Representation Analysis via CKA
To further investigate the underlying cause of performance parity, the paper employs Centered Kernel Alignment (CKA) to measure representational overlap between GLMs and soft-prompted LLMs. The analysis shows that semantically-sufficient datasets and CLeGR tasks maintain high CKA across all layers, indicating near-identical internal representations. Structurally-sufficient datasets diverge in mid layers, aligning with the observed failure of soft-prompted baselines.
Figure 6: CKA analysis shows strong alignment of representations when performance is similar; divergence occurs only in structurally-sufficient datasets.
This suggests that GLMs learn distinct representations only when the dataset is structurally-sufficient and the LLM's semantic reasoning is underutilized.
Implementation and Experimental Considerations
The paper provides detailed implementation protocols for GLMs and baselines, including:
- Model architectures: TEA-GLM, GraphToken (GSAGE/GAT), G-Retriever, and soft-prompted LLMs (Llama3-8B, Phi3-3.5B, Phi4-14B).
- Training setup: Consistent hardware (NVIDIA A100 80GB), batch sizes, learning rates, and greedy decoding.
- Evaluation metrics: Overall accuracy, F1-score, MCC, MAE, RMSE, and set-based precision/recall for different answer types.
- Prompt engineering: Structured prompts for both node classification and graph QA tasks, with explicit output format suffixes.
The CLeGR dataset is publicly available, enabling reproducibility and further research.
Implications and Future Directions
The findings have significant implications for the development and evaluation of GLMs:
- Benchmark design: There is a critical need for benchmarks that require genuine multimodal integration, as current datasets are insufficient.
- Model architecture: The results question the utility of complex graph encoders in GLMs, suggesting that architectural innovation should focus on mechanisms that enforce cross-modal interaction.
- Generalization claims: The lack of zero-shot transfer benefits undermines claims of superior generalization for GLMs, highlighting the need for more robust evaluation protocols.
- Representation learning: Future work should explore methods that explicitly align and fuse graph and language representations, potentially leveraging cross-modal attention or joint training objectives.

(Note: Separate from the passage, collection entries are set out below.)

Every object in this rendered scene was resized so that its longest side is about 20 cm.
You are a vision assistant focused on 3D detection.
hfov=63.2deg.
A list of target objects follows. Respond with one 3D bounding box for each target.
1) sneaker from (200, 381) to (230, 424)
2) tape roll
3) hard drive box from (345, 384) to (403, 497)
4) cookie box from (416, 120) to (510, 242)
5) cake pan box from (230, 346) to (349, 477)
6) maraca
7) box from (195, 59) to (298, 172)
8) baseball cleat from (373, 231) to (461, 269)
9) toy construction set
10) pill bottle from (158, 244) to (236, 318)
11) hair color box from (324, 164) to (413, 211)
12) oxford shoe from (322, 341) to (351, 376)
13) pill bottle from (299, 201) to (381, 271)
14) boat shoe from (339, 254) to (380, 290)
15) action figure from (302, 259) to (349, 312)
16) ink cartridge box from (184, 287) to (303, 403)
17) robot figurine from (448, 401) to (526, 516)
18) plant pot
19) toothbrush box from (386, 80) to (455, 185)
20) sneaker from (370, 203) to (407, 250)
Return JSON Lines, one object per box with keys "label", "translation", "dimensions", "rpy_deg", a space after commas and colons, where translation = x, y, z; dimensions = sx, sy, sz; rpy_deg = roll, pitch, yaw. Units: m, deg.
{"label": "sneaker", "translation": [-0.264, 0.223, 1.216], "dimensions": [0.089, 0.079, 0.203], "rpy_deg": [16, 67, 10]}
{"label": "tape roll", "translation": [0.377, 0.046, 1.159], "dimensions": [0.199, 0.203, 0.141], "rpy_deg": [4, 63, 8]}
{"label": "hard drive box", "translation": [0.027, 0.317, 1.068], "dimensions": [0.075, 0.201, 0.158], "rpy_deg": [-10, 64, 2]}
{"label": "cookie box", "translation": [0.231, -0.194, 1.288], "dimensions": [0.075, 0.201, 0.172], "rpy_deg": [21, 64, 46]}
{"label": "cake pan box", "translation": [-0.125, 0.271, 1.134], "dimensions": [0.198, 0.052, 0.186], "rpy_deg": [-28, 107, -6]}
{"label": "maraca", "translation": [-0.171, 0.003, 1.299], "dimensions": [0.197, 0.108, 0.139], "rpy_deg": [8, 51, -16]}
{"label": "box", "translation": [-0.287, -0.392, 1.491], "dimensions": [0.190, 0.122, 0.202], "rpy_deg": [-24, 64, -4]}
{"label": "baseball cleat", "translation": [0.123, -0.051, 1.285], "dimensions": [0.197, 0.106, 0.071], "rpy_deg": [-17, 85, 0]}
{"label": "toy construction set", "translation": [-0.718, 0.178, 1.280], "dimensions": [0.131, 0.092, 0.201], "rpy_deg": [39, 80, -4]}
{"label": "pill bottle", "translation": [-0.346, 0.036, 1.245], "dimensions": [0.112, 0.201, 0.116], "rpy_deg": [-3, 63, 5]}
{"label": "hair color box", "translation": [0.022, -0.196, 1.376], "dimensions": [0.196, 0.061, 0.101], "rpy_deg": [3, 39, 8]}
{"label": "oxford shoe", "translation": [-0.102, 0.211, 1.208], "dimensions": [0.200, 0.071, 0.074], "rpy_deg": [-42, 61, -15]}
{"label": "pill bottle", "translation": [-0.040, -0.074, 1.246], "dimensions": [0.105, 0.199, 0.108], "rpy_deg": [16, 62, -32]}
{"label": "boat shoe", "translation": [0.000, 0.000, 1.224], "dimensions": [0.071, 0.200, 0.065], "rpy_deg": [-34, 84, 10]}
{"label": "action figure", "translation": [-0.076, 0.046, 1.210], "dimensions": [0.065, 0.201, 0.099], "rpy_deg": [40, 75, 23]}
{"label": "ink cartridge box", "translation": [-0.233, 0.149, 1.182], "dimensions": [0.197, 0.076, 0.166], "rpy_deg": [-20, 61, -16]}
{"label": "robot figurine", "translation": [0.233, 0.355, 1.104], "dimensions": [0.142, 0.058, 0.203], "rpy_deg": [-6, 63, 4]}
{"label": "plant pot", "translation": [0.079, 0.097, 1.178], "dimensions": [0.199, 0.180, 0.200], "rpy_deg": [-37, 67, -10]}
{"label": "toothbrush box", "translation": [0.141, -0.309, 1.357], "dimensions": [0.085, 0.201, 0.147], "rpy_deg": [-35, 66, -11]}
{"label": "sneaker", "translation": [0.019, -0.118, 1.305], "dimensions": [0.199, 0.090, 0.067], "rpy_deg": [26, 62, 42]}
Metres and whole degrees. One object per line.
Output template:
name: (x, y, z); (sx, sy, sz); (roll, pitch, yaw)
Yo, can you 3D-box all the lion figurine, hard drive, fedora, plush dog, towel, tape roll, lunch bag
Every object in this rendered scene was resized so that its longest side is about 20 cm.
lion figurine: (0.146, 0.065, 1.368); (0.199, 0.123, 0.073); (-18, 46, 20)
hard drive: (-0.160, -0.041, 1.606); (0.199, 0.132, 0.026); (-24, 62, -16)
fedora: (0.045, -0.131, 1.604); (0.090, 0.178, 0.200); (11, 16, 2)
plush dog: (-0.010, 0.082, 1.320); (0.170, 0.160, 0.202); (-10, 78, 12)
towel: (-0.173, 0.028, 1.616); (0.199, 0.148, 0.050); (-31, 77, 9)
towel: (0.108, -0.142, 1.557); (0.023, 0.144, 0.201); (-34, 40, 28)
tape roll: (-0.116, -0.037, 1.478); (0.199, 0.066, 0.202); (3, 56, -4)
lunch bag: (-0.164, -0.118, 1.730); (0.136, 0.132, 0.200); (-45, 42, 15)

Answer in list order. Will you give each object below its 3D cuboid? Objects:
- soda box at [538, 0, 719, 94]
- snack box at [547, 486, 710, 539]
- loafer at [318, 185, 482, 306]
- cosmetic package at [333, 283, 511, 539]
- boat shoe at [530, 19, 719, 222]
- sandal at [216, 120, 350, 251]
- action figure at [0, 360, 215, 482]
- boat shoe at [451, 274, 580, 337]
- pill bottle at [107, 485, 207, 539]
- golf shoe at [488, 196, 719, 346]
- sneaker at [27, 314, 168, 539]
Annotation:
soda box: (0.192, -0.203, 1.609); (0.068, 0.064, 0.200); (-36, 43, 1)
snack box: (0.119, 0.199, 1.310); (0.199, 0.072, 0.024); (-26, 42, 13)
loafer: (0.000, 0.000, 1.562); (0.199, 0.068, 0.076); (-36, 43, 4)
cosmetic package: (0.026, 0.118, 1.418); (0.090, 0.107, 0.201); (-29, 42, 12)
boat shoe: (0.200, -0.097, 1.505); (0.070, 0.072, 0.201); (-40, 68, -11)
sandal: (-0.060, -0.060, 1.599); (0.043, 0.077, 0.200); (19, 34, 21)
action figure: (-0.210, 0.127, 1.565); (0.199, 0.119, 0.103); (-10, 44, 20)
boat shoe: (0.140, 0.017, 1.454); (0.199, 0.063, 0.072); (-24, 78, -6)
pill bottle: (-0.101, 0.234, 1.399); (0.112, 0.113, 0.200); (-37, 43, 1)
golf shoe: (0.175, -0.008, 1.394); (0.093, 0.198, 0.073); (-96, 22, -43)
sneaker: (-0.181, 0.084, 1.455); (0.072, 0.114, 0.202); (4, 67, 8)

The CLeGR benchmark provides a foundation for advancing research in explicit multimodal reasoning involving graph structure and language.
Conclusion
This paper presents a rigorous analysis of the limitations of current graph-language benchmarks and introduces the CLeGR benchmark to evaluate multimodal reasoning. The empirical results demonstrate that existing GLMs do not effectively integrate graph and language modalities, as unimodal baselines suffice for strong performance. The paper calls for a paradigm shift in both benchmark design and model architecture, emphasizing the need for explicit multimodal integration to realize the full potential of graph-LLMs.